We operate an inventory forecasting company, inventoro.com. We forecast future sales of clients based on their historical data with high accuracy. And we see the needs for cash. We live the struggles of retail SMEs from a very close perspective, something that has been bothering us for a long time, and something we aren’t alone in.
Disruptive financing startups have quickly emerged. We chose Flowpay.io as our partner and they now run our pilot, giving our clients easy access to funding.
The principle of our partnership is simple. Our AI predicts our clients’ future sales and values the perfect amount of inventory that needs to be ordered from suppliers to match consumer demand. This places a very exact, very business-associated price tag on the financing needs of our clients. We share this data, upon the client’s consent, with Flowpay.io. They plug this data into their learning algorithms and within minutes create a one-click offer directly to our clients. If they agree, they receive cash within the next 24 hours, just like financing should really work for anyone.
Disruptive data-driven startups emerge everywhere. We are at the forefront of a financing revolution for SME companies. Wayflyer.com is already an established data-driven financing startup with over half a billion USD in e-commerce business funding. They naturally saw an opportunity in inventory planning and the associated financing and started their own inventory management services earlier this year.
Data-driven fast and easy access to cash will become the norm. It is tailored, it is unbiased and it is low risk for the financing institution if the data source is rich. Access to data-driven financing is associated with access to super-IT, which takes us to our last point.
Most SMEs, retail or not, are still Excel managed. This creates an unsustainable technological divide between the small and the super-powerful conglomerates. All those major data houses, all the best AIs, all the top-rated developers of Amazon, they all create an environment that simply gives little to no chance for smaller companies to compete.
But the process of so-called “democratisation of technology” is quickly changing the landscape. AI and other cutting-edge technologies are no longer a luxury of the enterprise. Accessible, easy-to-set-up SaaS tools create a plateau of opportunities for our local heroes at an affordable price.
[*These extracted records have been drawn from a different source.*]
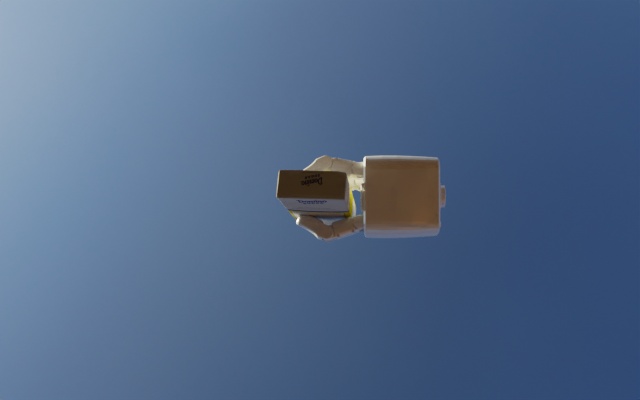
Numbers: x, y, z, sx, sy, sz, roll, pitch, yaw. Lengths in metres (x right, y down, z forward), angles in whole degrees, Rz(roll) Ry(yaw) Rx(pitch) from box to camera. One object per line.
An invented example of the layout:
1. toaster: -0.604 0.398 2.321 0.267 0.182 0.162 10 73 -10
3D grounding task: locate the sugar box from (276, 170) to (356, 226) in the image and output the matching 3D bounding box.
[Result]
1. sugar box: 0.000 0.002 0.702 0.093 0.048 0.176 2 -18 8
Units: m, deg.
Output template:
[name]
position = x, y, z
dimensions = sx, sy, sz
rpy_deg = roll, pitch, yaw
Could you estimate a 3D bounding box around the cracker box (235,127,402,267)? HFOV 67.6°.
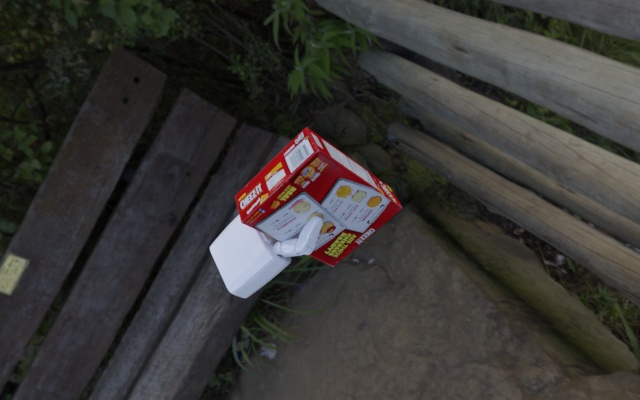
[cracker box]
position = 0.000, 0.003, 0.758
dimensions = 0.164, 0.072, 0.214
rpy_deg = -42, -46, 19
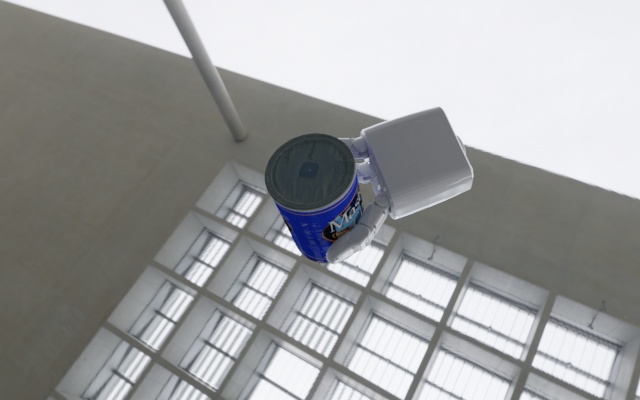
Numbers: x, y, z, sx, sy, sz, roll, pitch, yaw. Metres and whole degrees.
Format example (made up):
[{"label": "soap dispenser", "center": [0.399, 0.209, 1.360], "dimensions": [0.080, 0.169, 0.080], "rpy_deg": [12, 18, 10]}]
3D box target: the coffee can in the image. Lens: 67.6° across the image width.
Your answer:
[{"label": "coffee can", "center": [0.000, 0.002, 0.583], "dimensions": [0.103, 0.102, 0.140], "rpy_deg": [0, -31, 12]}]
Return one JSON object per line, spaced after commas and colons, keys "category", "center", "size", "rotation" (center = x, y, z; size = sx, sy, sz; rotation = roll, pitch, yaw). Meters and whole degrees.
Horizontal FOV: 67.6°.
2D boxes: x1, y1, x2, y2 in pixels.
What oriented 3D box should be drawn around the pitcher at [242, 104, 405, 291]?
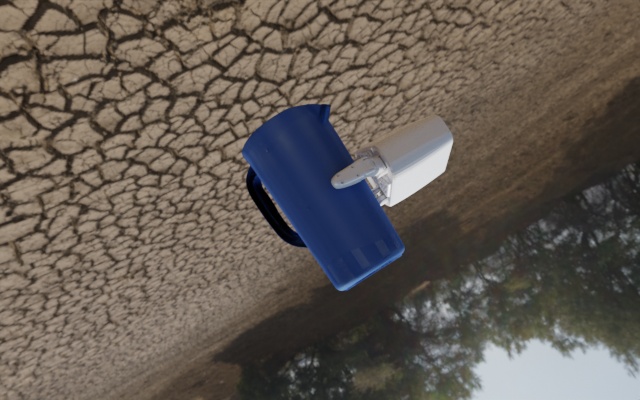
{"category": "pitcher", "center": [0.000, 0.002, 0.664], "size": [0.145, 0.243, 0.149], "rotation": [-30, -11, -13]}
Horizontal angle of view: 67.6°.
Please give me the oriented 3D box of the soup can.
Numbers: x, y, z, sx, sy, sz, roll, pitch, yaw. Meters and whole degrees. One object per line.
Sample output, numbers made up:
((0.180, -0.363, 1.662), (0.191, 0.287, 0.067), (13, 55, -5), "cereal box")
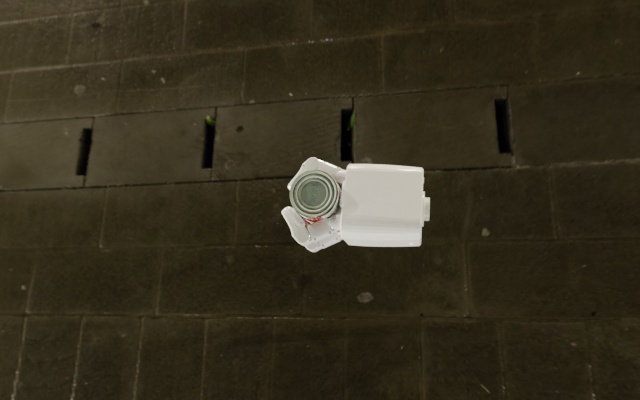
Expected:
((0.000, 0.002, 0.679), (0.068, 0.068, 0.102), (0, -13, 11), "soup can")
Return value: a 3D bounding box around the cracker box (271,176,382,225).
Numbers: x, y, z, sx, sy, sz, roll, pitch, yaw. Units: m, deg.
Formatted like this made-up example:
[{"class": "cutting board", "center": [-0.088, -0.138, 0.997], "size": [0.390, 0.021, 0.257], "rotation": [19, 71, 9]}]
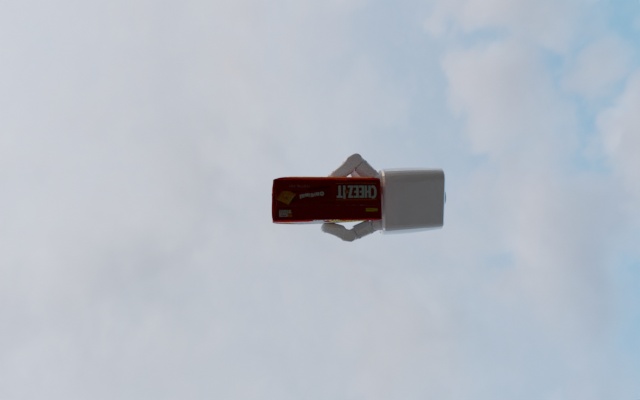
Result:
[{"class": "cracker box", "center": [0.000, 0.003, 0.802], "size": [0.164, 0.072, 0.214], "rotation": [-1, -4, -6]}]
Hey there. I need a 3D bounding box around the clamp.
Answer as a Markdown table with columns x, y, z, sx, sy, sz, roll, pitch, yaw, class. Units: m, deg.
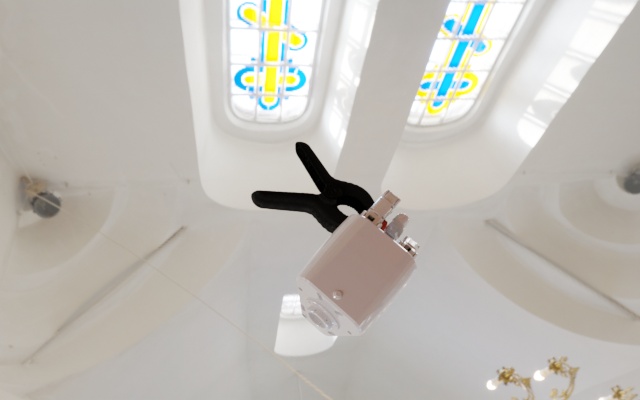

Small companies have access to cutting-edge technology like never before. This creates a double-positive effect. Not only can they immediately cherish the benefits of data-centred algorithms. Further machine-to-machine communication can increase the benefits as SaaS startups become interconnected with APIs. Such connected environments create cases for data-driven financing and will surely become the new norm for SMEs. Indeed, it is already happening.